Here is a plainer English interpretation of this study, which looked at the pathology of lesions in the brains of people who had MS:
http://www.acceleratedcure.org:8080/node/3585
The main points seem to be
1. Some unknown factor is causing the oligodendrocytes (cells that make myelin) to die; this is followed by myelin breaking down
2. The T and B immune cells arrive later and thus don't seem to be the cause of the lesions or the myelin loss
3. The T and B cells are present during remyelination so it's possible that they are actually helpful
"The authors interpret their findings to indicate that plaques grow through loss of oligodendrocytes on the plaque border, which is followed by myelin breakdown, scavenging of debris by phagocytes, and infiltration of immune cells such as T cells. What causes the oligodendrocytes to die is not known -- for instance, it could be toxic elements seeping outward from the plaque, factors produced by activated microglia, or something else. The fact that T cells are not abundant in areas where phagocytes are actively scavenging myelin debris suggests that this process is not activated by T cells but instead is initiated by the macrophages themselves, similar to what is seen in injured tissue. The presence of T and B cells in greater numbers in recently demyelinated tissue indicates that these cells are part of the immune system's response to demyelination, as opposed to being a driver of the demyelination. Also, the fact that these cells are present where remyelination is taking place suggests that they don't prevent the regeneration process and may even help it."
sho
Me too, Me too!!! And it is fascinating...or at least I "think" it is...lol
Me too! Like the one I posted the other day, it'll take me at least a week to go through the material and try to make some sense of it. This research stuff is so fascinating, and yet so beyond the capabilities of my little (scarred) pea-brain.

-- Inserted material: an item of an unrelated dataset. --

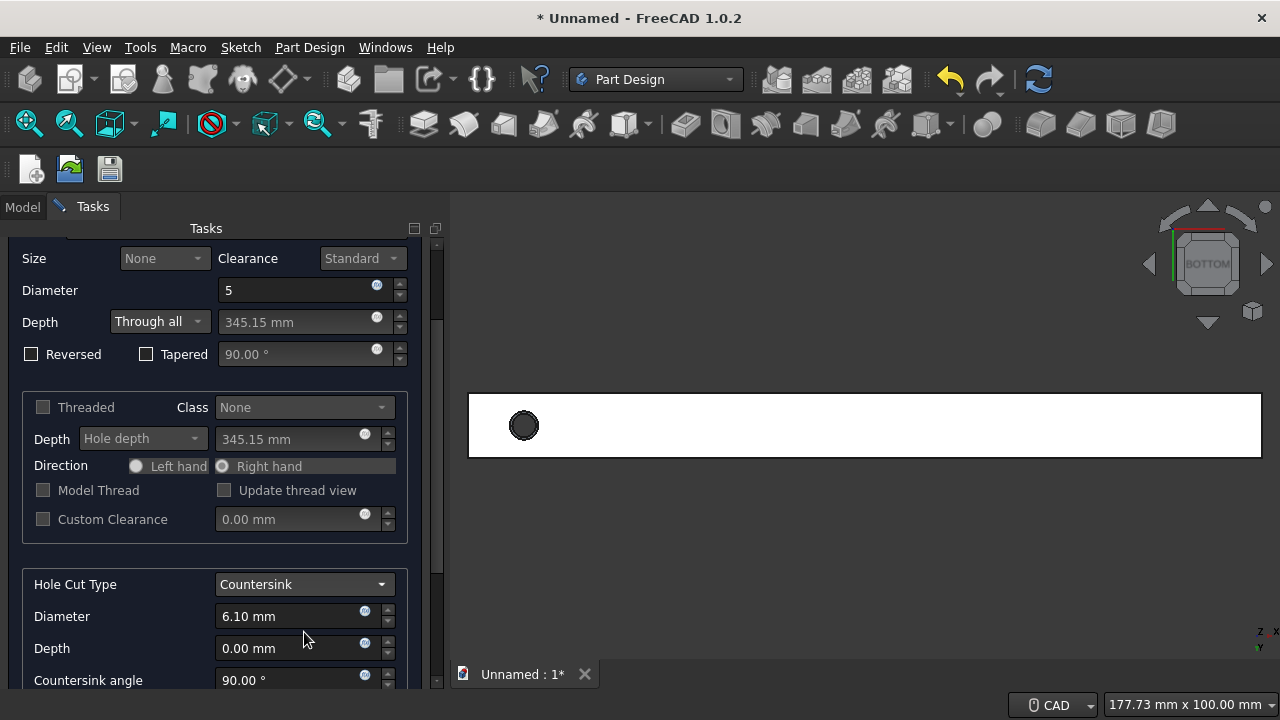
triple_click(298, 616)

thanks Sho for sharing this one .... I do think there will be an answer to the cause of MS sometime in my lifetime.
I'll have to read this again and again to begin to understand this.
be well,
Lulu
Some earlier work by one of the same people on the pathology MS lesions:
http://www.cpnhelp.org/files/Ref1_Annals04.pdf
Relapsing and remitting multiple sclerosis: pathology of the newly forming lesion. Barnett MH, Prineas JW. Ann Neurol. 2004 Apr;55(4):458-68.